Could The Formation Of New, Smaller Cities Be The Way Out For Fed-Up Residents Of Liberal Areas?
As debt mounts in Democrat-run cities and crime spirals out of control, frustrated communities must decide whether it is time to make their escape.
Earlier this week, The Daily Wire told the story of some who had done so — not by moving from a liberal place to a conservative place, but by incorporating their existing neighborhood into a new town that would be governed according to the preferences of its residents.
There is nothing inherently partisan about the idea of self-determination; indeed, the process could be used to create progressive havens in conservative areas just as often as the reverse.
Yet the moves have frequently faced stiff opposition, which, at times, suggested that liberals want others to live according to their preferred policies in order to fund them, whether they like it or not.
In 1993, about 65% of Staten Island residents voted to secede from New York City and establish the “forgotten borough” as its own city but the effort was snuffed out by Albany when the New York state assembly blocked the measure.
The San Fernando Valley has tried unsuccessfully more than once to secede from Los Angeles. The latest attempt was in 2002 when residents complained about the quality of local government.
The process of incorporating a new town or city, either carving one out of an existing municipality or incorporating an area within a county, varies wildly from state to state. In many cases, the process was established long ago and is unclear.
Sometimes the state legislature must grant a new city charter. While members of the dominant state party might not be happy about creating a new local government that might be governed by the opposite party, if they vote against approving such a measure after residents had taken a vote in favor, they encounter the decidedly undemocratic optics of denying people a right to self-determination.
Even after the vagaries of how to incorporate a town, there are the practical matters. As with a divorce, there is the issue of how to divy up existing shared assets. Financial entanglements run deep, making it very difficult to extricate an area, especially when the parent area fights the secession.
In 2018, an area in Georgia known as Eagle’s Landing came close to pulling off a secession from Stockbridge, a city about 20 miles south of Atlanta. Residents of the gated country club community wanted to carve out a new town that included parts of south Stockbridge as well as other unincorporated parts of Henry County. The vote ultimately failed, to the relief of city officials in Stockbridge, whose tax base would have been diminished.
One secession effort involved school districts only. The city of Gardendale, Alabama attempted to secede from the Jefferson County school system, but the effort was quashed in 2018 by a federal appeals court, which ruled city residents were racially motivated.
Others are fighting a tide going in the opposite direction, attempting to avoid being swallowed up into larger governments.

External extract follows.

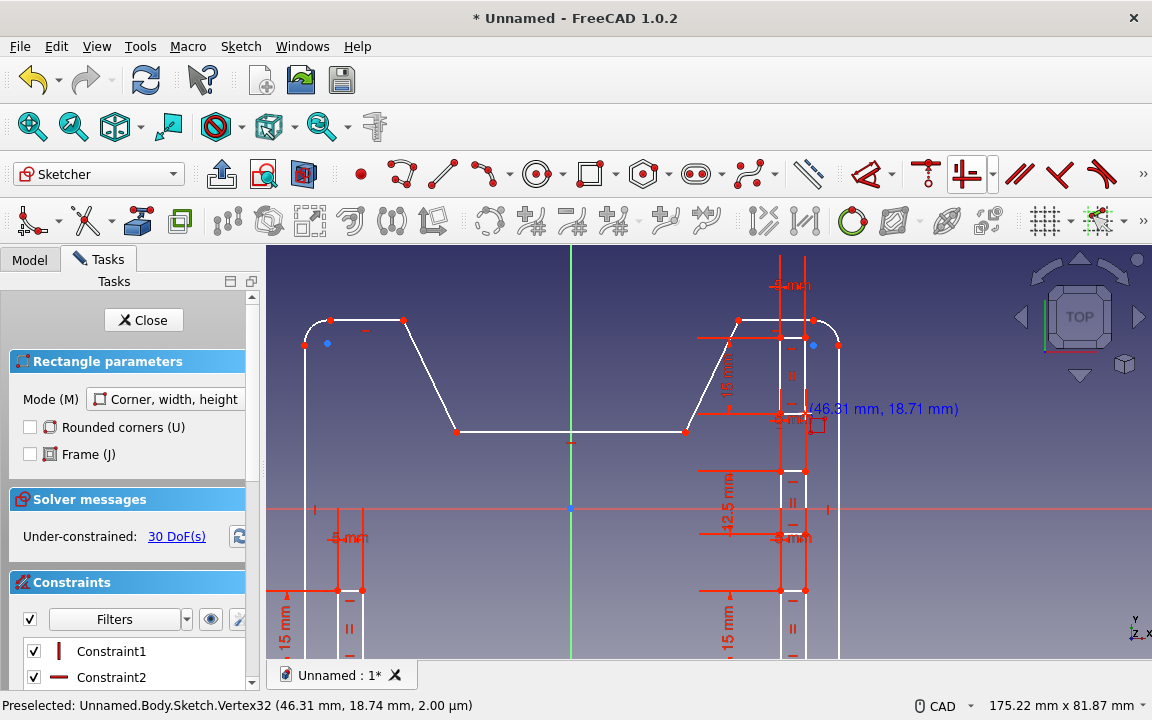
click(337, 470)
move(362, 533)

Louisville, Kentucky merged with Jefferson County in 2003, one of the most recent examples of a city combining with its surrounding area. Jacksonville, Indianapolis, Nashville, and Lexington have also all merged with their suburbs. Memphis and Pittsburgh both tried but failed to do so.
Houston was notorious for annexing its surrounding areas, a practice that helped make the city the fourth largest in the country. Prior to the 1980s especially, Houston gobbled up so much territory that the Texas legislature responded to angry residents and passed laws cracking down on the city’s ability to do so.
Incorporation can avoid that since it’s easier to swallow up unincorporated land run by a county. In 1983, Meadows Place incorporated to avoid being annexed by Houston, becoming the smallest city in Texas with its own dedicated police department, fire station, and emergency services.
“Municipal consolidation, usually wrapped in a shiny good government package, is an idea that refuses to die,” American Enterprise Institute (AEI) scholars wrote in a 2018 paper called “Localism in America: Why We Should Tackle Our Big Challenges At The Local Level.” “In practice, however, consolidating local governments has not worked as promised, often leading to prohibitive costs, higher taxes, and reduced efficiency.”
Failed efforts to secede may have had a chilling effect, with many people not even realizing that creating a new, smaller town is even an option.
“We see what happened in New York. We see what happened in Los Angeles,” Howard Husock, one of the AEI authors, told The Daily Wire. “Those movements fizzled out.”
The success stories suggest the trouble might be worth it, however. Communities that broke away and secured their freedom have been rewarded with greater prosperity and safety, and they provide a beacon of hope for other Americans weighing the same decision.